The Alaskan case study shows how a calibrated PetroMod dynamic model helps to (i) more accurately reconstruct the regional source rock burials, (ii) constrain regional temperature and pressure conditions including maturity predictions, (iii) determine migration paths and distances or to evaluate the quality of trap seal and (iv) determine of volume of trapped hydrocarbons. Such calculations in the software will reduce risk and help to evaluate the impact of well-known uncertainties associated with the Siberian petroleum system: hydrocarbon maturity variations, migration paths, reservoir rock distribution, in-reservoir alteration (e.g., Gratzer et al., 2011), seal quality, the exact prognosis of deposition chronology, and/or biodegradation level (Everett, 2010).

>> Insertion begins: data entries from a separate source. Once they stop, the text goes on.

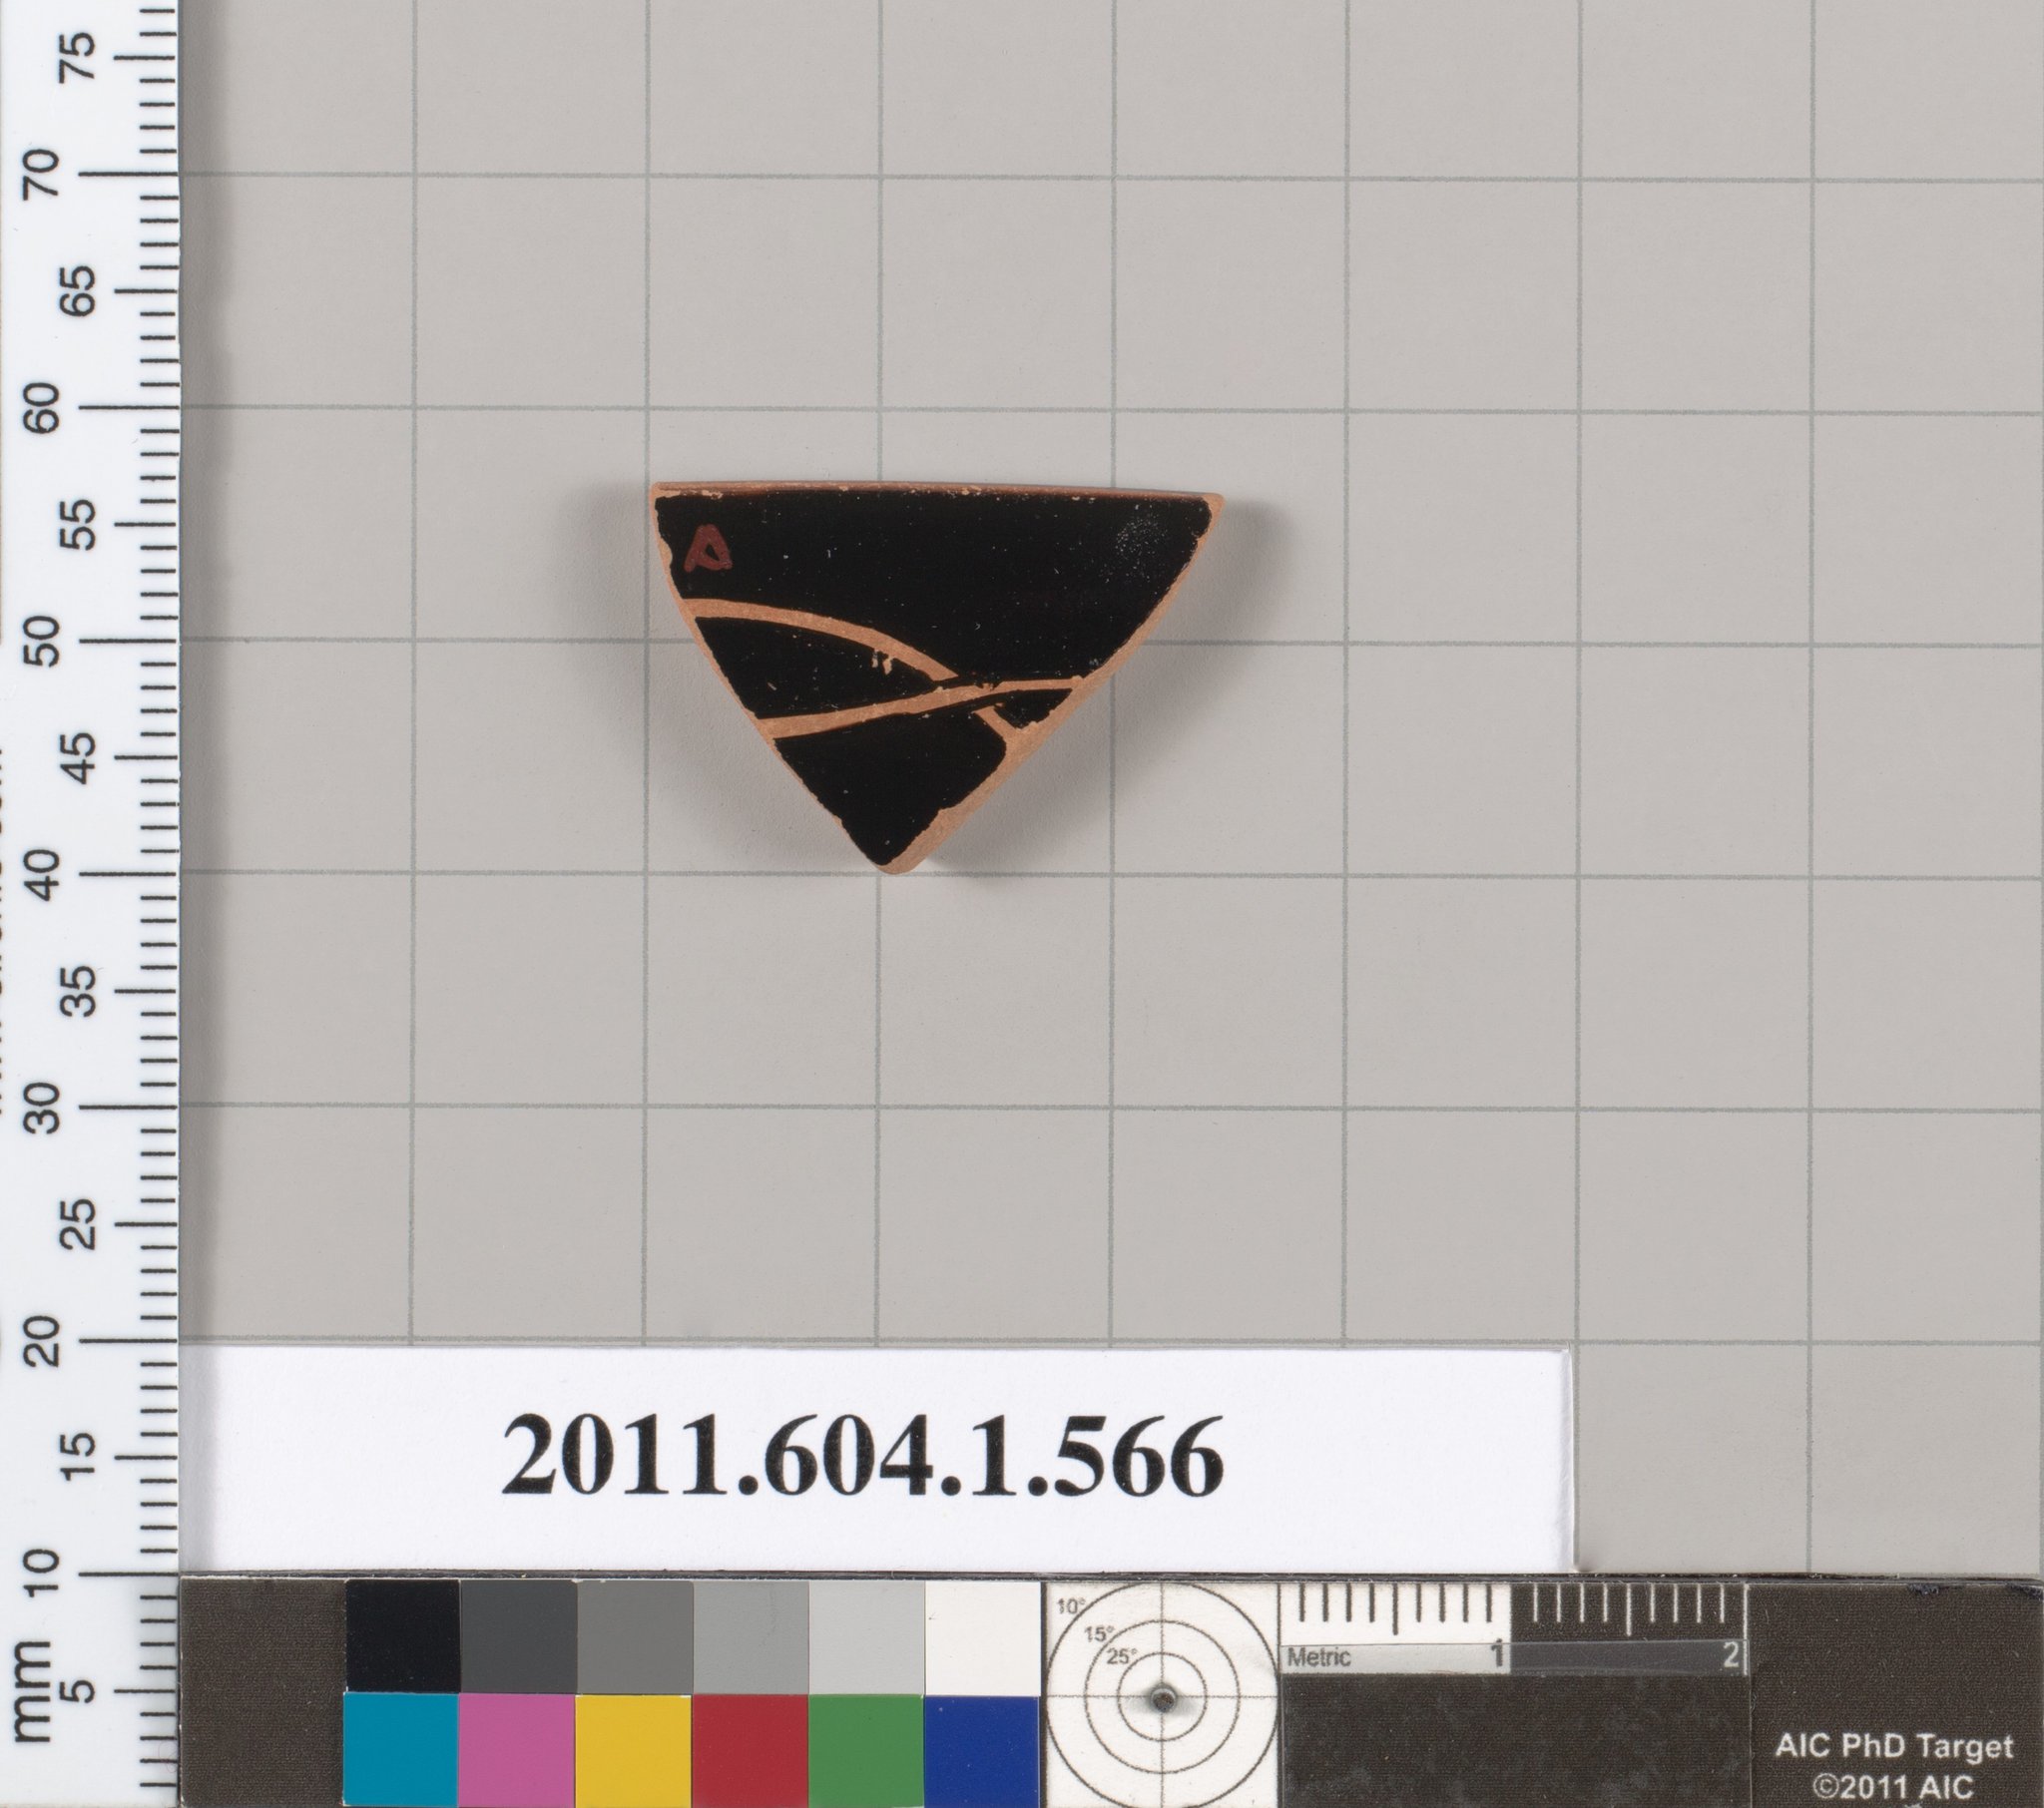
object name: kylix fragment
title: Terracotta rim fragment of a kylix (drinking cup)
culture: greek, attic
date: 480-470 BCE
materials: terracotta
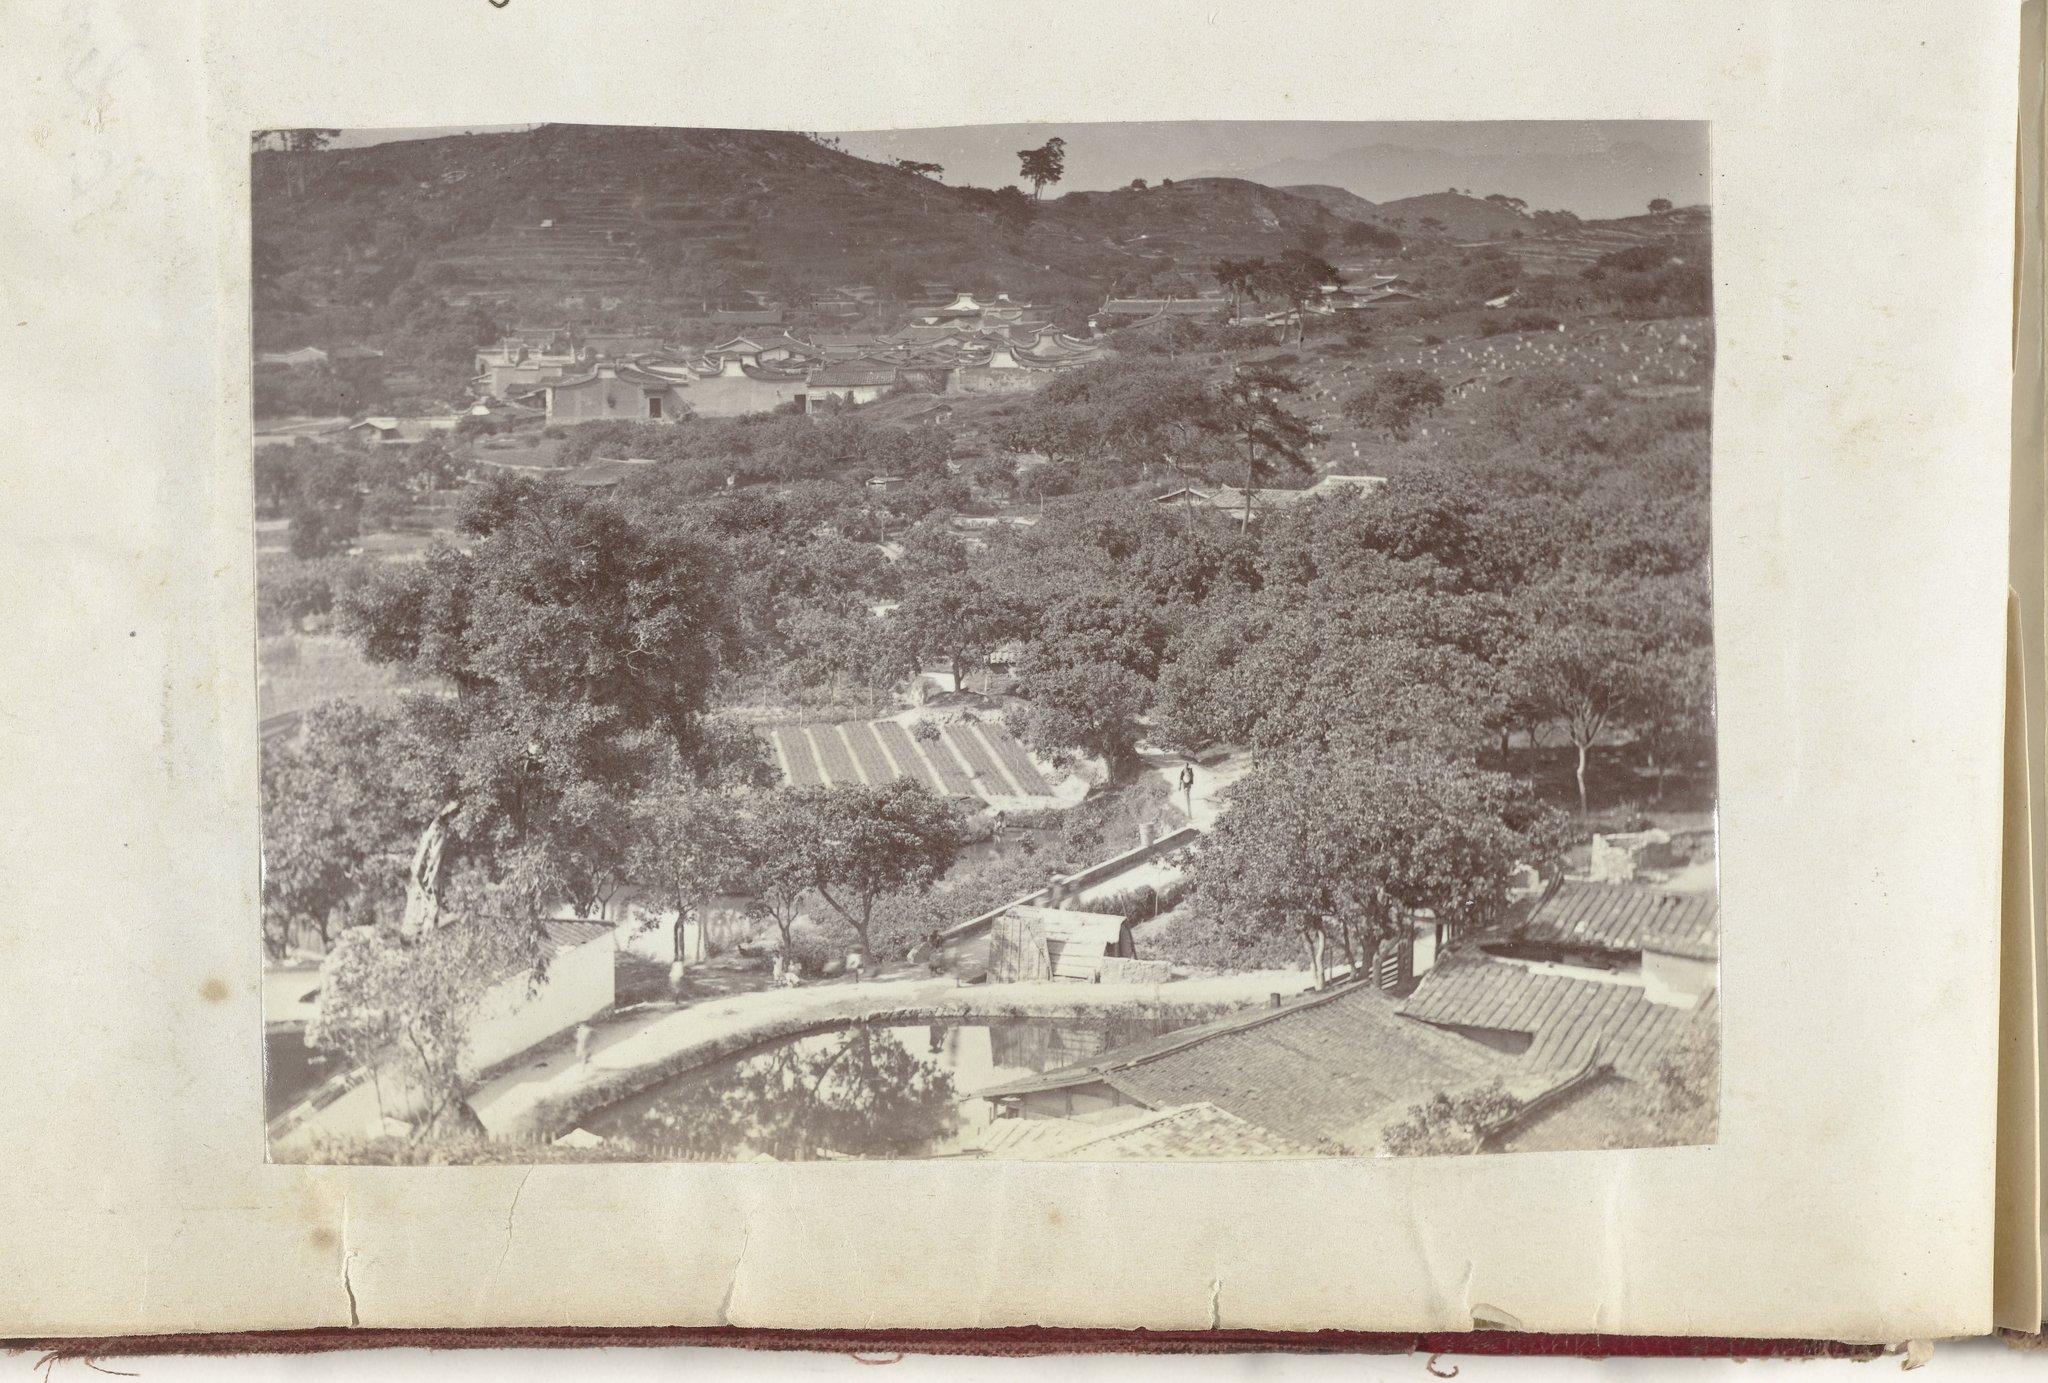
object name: album leaf
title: Gezicht op een heuvelachtig landschap in China
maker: Anonymous
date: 1879-1890
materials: paper
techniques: albumen print
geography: china
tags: prospect of village, silhouette of village, (high) hill, china
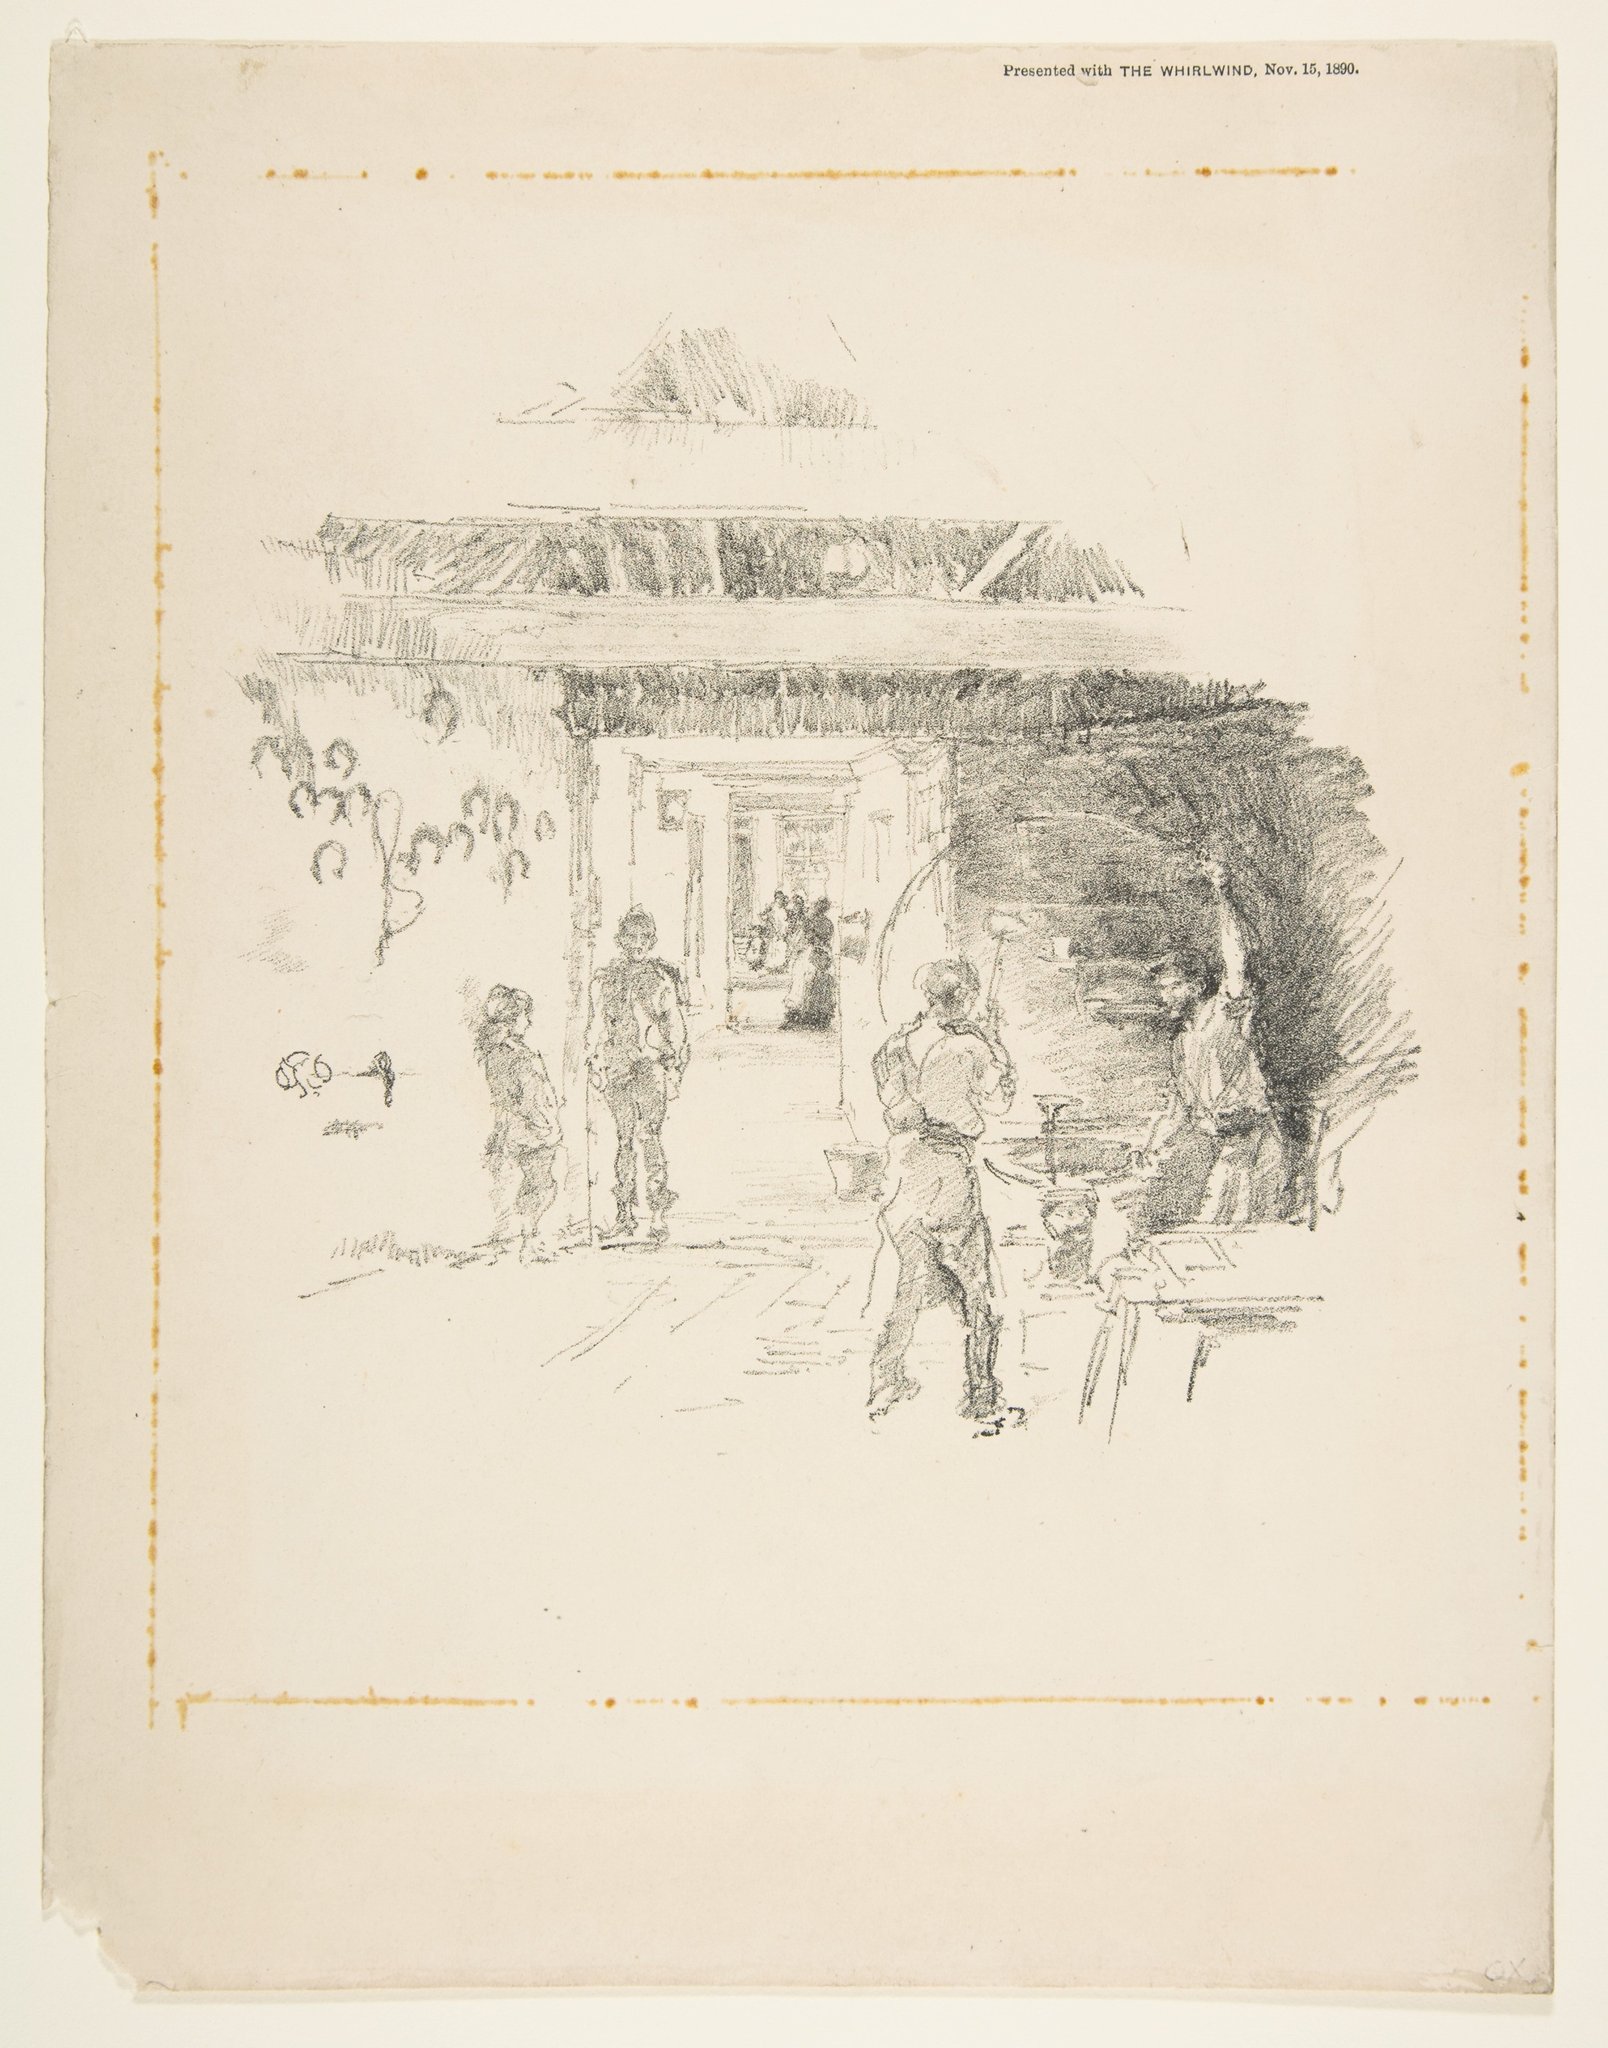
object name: print
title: The Tyresmith, from "The Whirlwind"
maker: james mcneill whistler
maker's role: artist
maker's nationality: american
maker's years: 1834-1903
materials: ink, paper
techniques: printing, lithography
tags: human figures,working

The Siberian PetroMod dynamic model consequently provides time – cost effectiveness, allowing much better commercial viability of exploration. Most importantly, a calibrated 3D Siberian model will assure more accurate assessments of future well locations across the province and will save exploration costs. Such a regional study can easily be managed by combining all capabilities of 1D, 2D, and 3D modeling in one project. The project contains all exploration data, which can easily be updated by integration of new well and seismic data and their interpretation; i.e., PetroMod is not only a dedicated modeling software, but also an indispensable tool for effective exploration data management on a regional scale.